Ainda não há um destino para aquelas infra-estruturas, mas há tentativas. Há quem aposte num projecto para a produção de hidrogénio verde, o H2Sines, para consumo nacional e exportação para o norte da Europa. Há, porém, outra hipótese complementar: a de desenvolver na antiga termoeléctrica uma central dessalinizadora.

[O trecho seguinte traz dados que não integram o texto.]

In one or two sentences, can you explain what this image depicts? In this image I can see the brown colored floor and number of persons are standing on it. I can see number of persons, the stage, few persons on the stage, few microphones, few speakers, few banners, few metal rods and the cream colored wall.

A dessalinização elimina os minerais (maioritariamente, sal) da água do mar mediante processos físicos e químicos para transformar a água salgada em doce ou salobra para consumo humano ou para outras finalidades, como indústria e agricultura, por exemplo.

“Já houve projectos apresentados à EDP para a instalação de uma dessalinizadora”, diz Rui Ferin Cunha, da direcção de controlo de gestão da EDP, destacando que o assunto da dessalinização é acompanhado e estudado pela EDP enquanto alternativa tecnológica para a produção de água e como indústria grande cliente de electricidade, mas esta não tem ainda uma posição tomada sobre a implementação de qualquer projecto. A verdade é que a EDP tem um know-how acumulado nesta área. “Usamos há muito tempo a tecnologia de dessalinização nas centrais termoeléctricas, uma vez que estas necessitam de produzir vapor - seja água do rio ou do mar - para a condensação e o arrefecimento das máquinas que produzem electricidade e não a podem fazer circular sem a tratar. Sem lhe tirar o sal, no caso de vir do mar”, explica Rui Ferin Cunha.

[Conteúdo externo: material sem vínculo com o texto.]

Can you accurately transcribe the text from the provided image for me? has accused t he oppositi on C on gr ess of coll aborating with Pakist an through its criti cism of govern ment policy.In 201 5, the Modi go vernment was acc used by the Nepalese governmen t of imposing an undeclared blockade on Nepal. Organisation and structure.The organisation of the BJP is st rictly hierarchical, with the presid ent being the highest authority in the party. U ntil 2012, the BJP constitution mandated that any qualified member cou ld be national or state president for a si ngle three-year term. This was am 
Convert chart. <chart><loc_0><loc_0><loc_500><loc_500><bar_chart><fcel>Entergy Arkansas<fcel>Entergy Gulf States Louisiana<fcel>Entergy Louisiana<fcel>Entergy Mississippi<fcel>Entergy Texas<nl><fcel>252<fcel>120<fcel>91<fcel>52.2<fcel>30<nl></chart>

Esta circunstância coloca outra central no rol de interesses de possíveis promotores do negócio privado da dessalinização: a termoeléctrica de Setúbal, localizada na zona industrial da península da Mitrena, a última central térmica convencional e a de maior potência a queimar fuelóleo em Portugal. Esteve 30 anos em funcionamento e chegou a abastecer 25% da população portuguesa no território continental. Ao derrubar as duas chaminés, a empresa criava condições no terreno para viabilizar um novo projecto. Na altura, o Observador noticiou, citando Rui Teixeira, presidente da EDP Produção, que a empresa pretendia receber um projecto sustentável e que ainda não tinha nada definido, mas que gostaria muito que pudesse ser um parque solar. Por enquanto, ainda não é, mas pode ser uma dessalinizadora também.

Infra-estruturas existentes

A dessalinização é um cliente apetitoso para o negócio da EDP, pois a maior fatia do seu custo operacional é a electricidade: 50% da factura. Há, contudo, alguns entraves pertinentes que se prendem com os activos existentes. Alguns pertencem à EDP, outros são licenças e concessões cuja legislação não é clara em atribuir à empresa energética algum direito sobre tais activos.

Segundo Rui Ferin Cunha, o investimento teria de ser de raiz no que respeita a membranas, bombas ou filtros. No entanto, salienta que três aspectos tornam estas infra-estruturas muito atractivas para este negócio: o terreno já tem uso industrial; possui um ponto de interligação com a rede eléctrica - algo fundamental, pois facilita o abastecimento de electricidade à unidade de dessalinização, seja através de produção própria de electricidade com energias renováveis (solar, eólica ou um mix de ambas), seja utilizando a rede pública; por fim, tem uma tomada de água do mar (adutores) já instalada que permite retirar a água e devolvê-la ao mar (emissários).

João Quinhones Levy, professor do Instituto Superior Técnico, afirma que isto representa 30% do investimento, faltando 70% para instalar uma central de dessalinização. No entanto, apesar de ser a favor da dessalinização, defende que em Portugal deveriam existir vários projectos de pequena dimensão ao longo da orla costeira, sem grandes extensões de condutas e com a mais-valia de que a devolução da salmoura ao mar teria impactos menores. “Há 20 anos que assistimos à inércia dos governos nesta matéria. Espanha e Itália chegaram a ser grandes produtores de água dessalinizada a nível mundial, classificando-se em quinto e sétimo lugar. E nós?”, interroga.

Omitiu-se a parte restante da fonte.